Para antropolog dan ahli teori sosial, seperti Durkheim dan ahli warisnya, melihatnya sebagai produk yang muncul dari interaksi individu, tidak diakui oleh mereka yang berkepentingan, dan dieksternalisasi, dengan kata lain transformasi spontan dari titik tetap endogen dari proses sosial dalam titik tetap eksogen, yang bagaimanapun mereka tidak menafsirkannya sebagai ilusi yang mengasingkan, seperti halnya Marxisme, namun sebagai reifikasi yang membebaskan.

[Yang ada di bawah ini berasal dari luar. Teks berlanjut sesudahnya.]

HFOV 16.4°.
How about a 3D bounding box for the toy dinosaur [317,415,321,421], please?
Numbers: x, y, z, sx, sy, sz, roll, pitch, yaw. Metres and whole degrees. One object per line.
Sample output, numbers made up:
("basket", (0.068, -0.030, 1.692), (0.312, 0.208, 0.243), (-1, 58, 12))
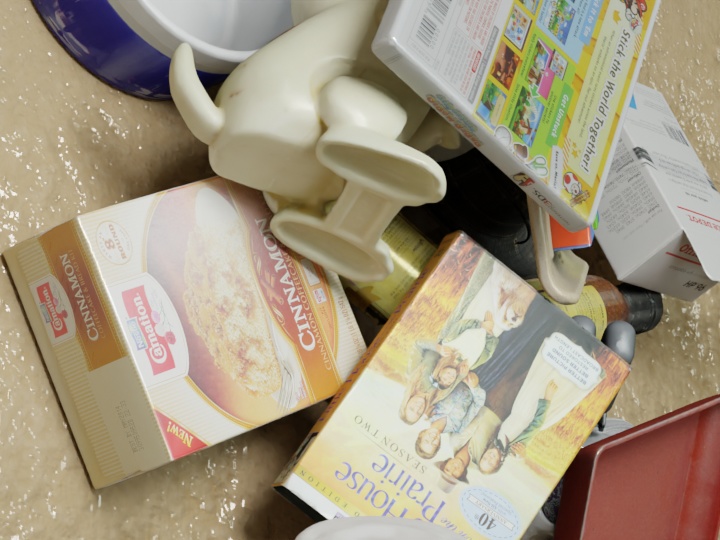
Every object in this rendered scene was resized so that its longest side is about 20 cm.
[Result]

Berikut adalah bagaimana Durkheim sendiri merumuskan tesis ini ketika ia mencatat dan membenarkan sifat agama dari hukum pidana:
Saat kita menuntut pemberantasan kejahatan, bukan diri kita sendiri yang ingin kita balas, tapi sesuatu yang sakral yang kita rasakan kurang lebih membingungkan di luar dan di atas kita. Kami memahami hal ini dengan cara yang berbeda tergantung pada waktu dan lingkungan; terkadang itu adalah gagasan sederhana, seperti moralitas, kewajiban; paling sering, kita mewakilinya dalam bentuk satu atau lebih makhluk konkret: nenek moyang, keilahian. Inilah sebabnya mengapa hukum pidana tidak hanya pada dasarnya bersifat keagamaan, namun selalu mempunyai ciri religiusitas tertentu; Tentu saja, gambaran ini hanyalah ilusi; memang diri kita sendirilah yang membalas dendam dalam artian, kita memuaskan diri kita sendiri, karena hanya pada diri kita sendirilah perasaan tersinggung itu ditemukan. Tapi ilusi ini perlu. ;
Fatamorgana ini tidak dapat dihindari, dalam satu atau lain bentuk, hal ini akan terjadi selama masih ada sistem yang represif. Karena, jika tidak, yang ada hanyalah perasaan kolektif dengan intensitas yang biasa-biasa saja dalam diri kita, dan, dalam hal ini, tidak akan ada lagi rasa sakit. Oleh karena itu, adalah salah untuk menyerang karakter penebusan yang bersifat kuasi-religius ini dan menjadikannya semacam superfetasi parasit. Sebaliknya, itu merupakan elemen integral dari kalimat.
Hipotesis ini mempunyai cakupan yang lebih umum dan mungkin tidak kehilangan kekuatan apa pun. Agama bisa masuk ke dalam krisis dan tidak ada satu pun bentuk krisis yang dapat dijamin akan bertahan, namun krisis agama terjadi pada masyarakat yang kohesinya terjamin. Hukum ini sama kuatnya dengan hukum alam lainnya. Di luar semua keinginan, tidak diragukan lagi hal ini merupakan pembenaran tertinggi atas sikap keagamaan dan jaminan kelestariannya.